C++ Guidelines (Use integer cents or iomanip)

Read lines

string plan, seatsLine, priceLine, autoLine;
getline(cin, plan);
getline(cin, seatsLine);
getline(cin, priceLine);
getline(cin, autoLine);

Safer money approach

  • parse price string into cents (recommended)

  • compute totals in integers

  • print as whole.frac with exactly 2 digits

Alternative: double + fixed << setprecision(2) works often, but cents is safer.

#include <iomanip>
// cout << fixed << setprecision(2) << value;

For billing logic, “float works most of the time” is not acceptable.
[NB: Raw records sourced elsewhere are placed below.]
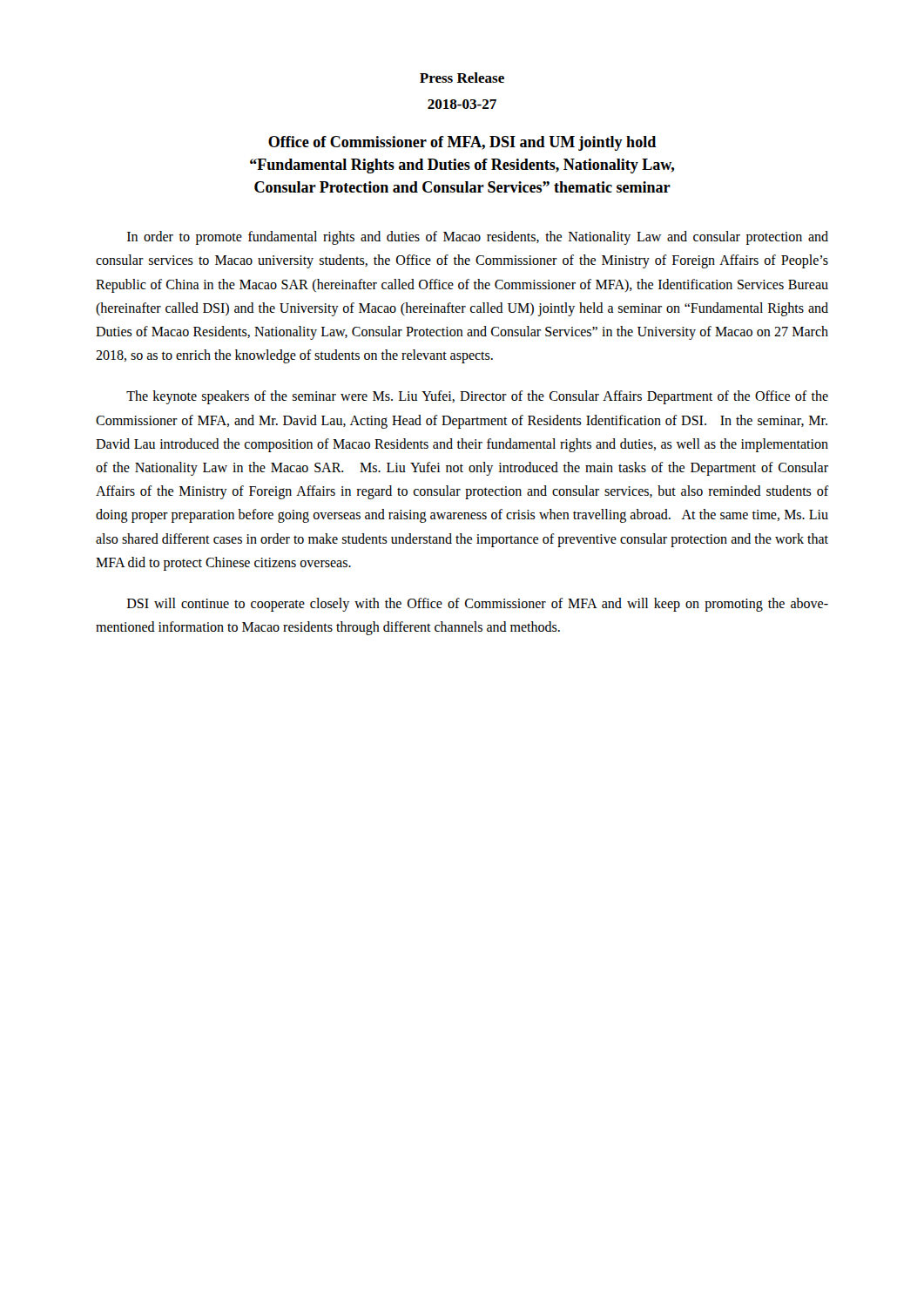Find the text block containing "In order to promote fundamental rights and duties"

pyautogui.click(x=462, y=296)
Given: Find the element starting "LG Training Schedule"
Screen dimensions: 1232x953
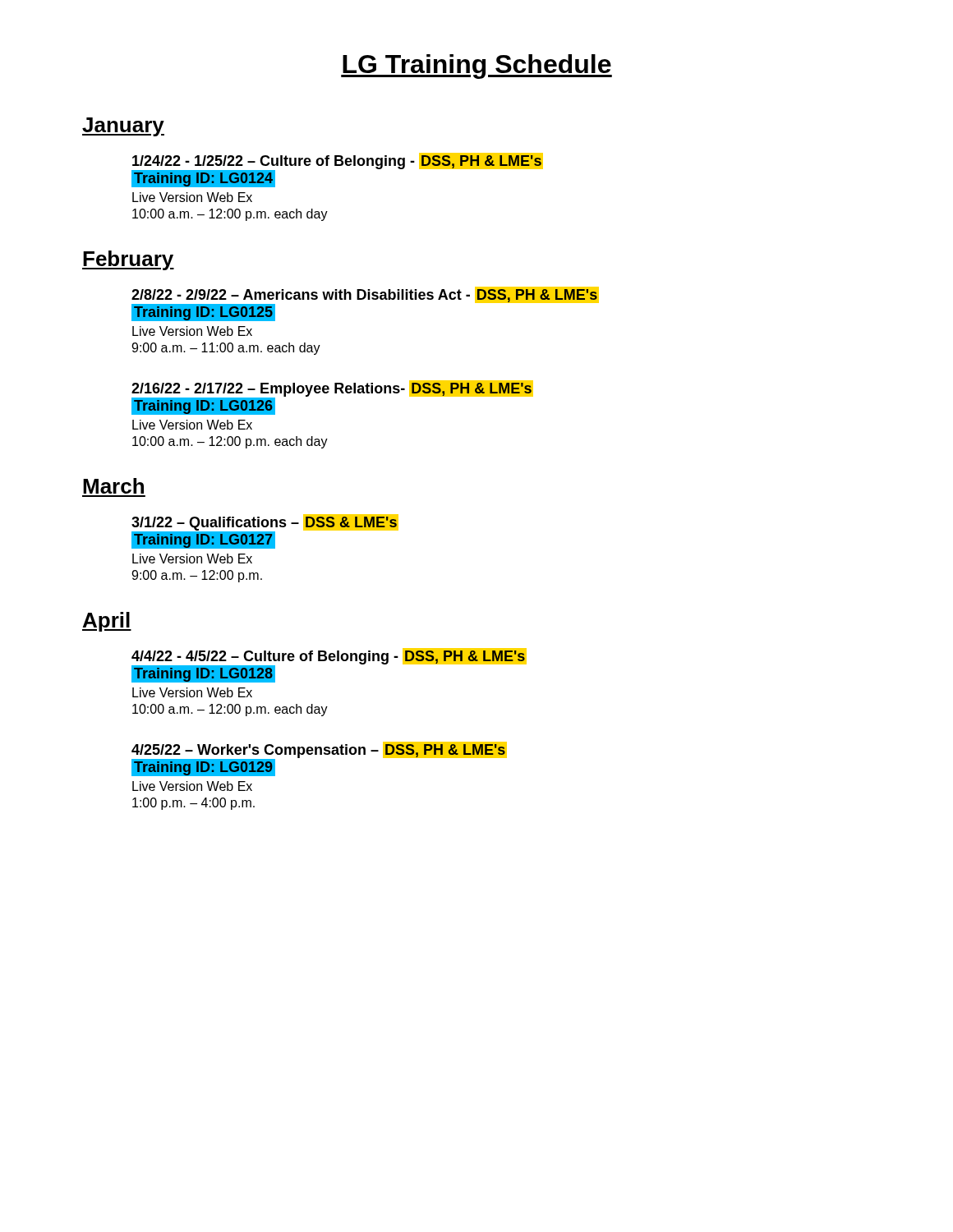Looking at the screenshot, I should click(x=476, y=64).
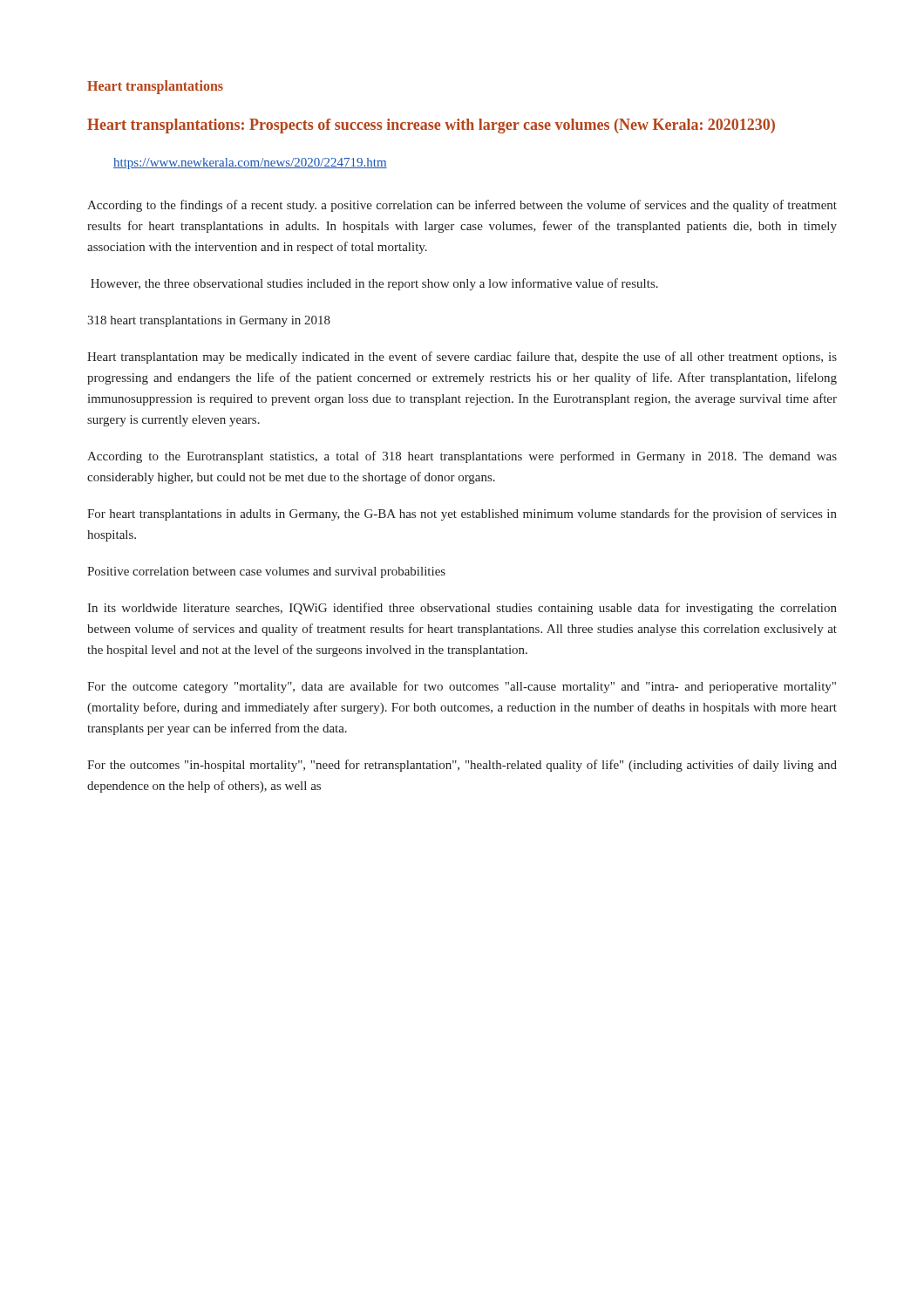Point to the text starting "For heart transplantations in adults in"
924x1308 pixels.
462,524

Prefer cents.


Boolean Parsing: A Clean Universal Rule

Across all languages, do this:

  1. Lowercase the input

  2. Match against accepted truthy values

  3. Otherwise treat as false (based on problem constraints)

Truth values commonly accepted:

  • "true", "yes", "1"

False values commonly accepted:

  • "false", "no", "0"

Then output must be exactly: true or false (lowercase only).


A Judge-Proof Formatting Checklist

Before you submit, verify:

  • You read 4 lines

  • You trimmed leading/trailing whitespace

  • You kept internal spaces in plan name

  • Seats is integer

  • Price is treated as money-safe (Decimal/BigDecimal/cents)

  • Total is computed correctly

  • Price & total are printed with exactly 2 decimals

  • Auto-renew printed as lowercase true/false

  • Output is exactly one line

  • No extra spaces, no extra prints

If you can tick all boxes, this level becomes “free XP”.


Why This Level Makes You a Programmer

Because this is the real skill: turning messy input into reliable output.

Everything else—loops, arrays, strings, algorithms—builds on this.

A developer is someone who can take raw data, enforce types, compute reliably, and emit outputs that systems can trust.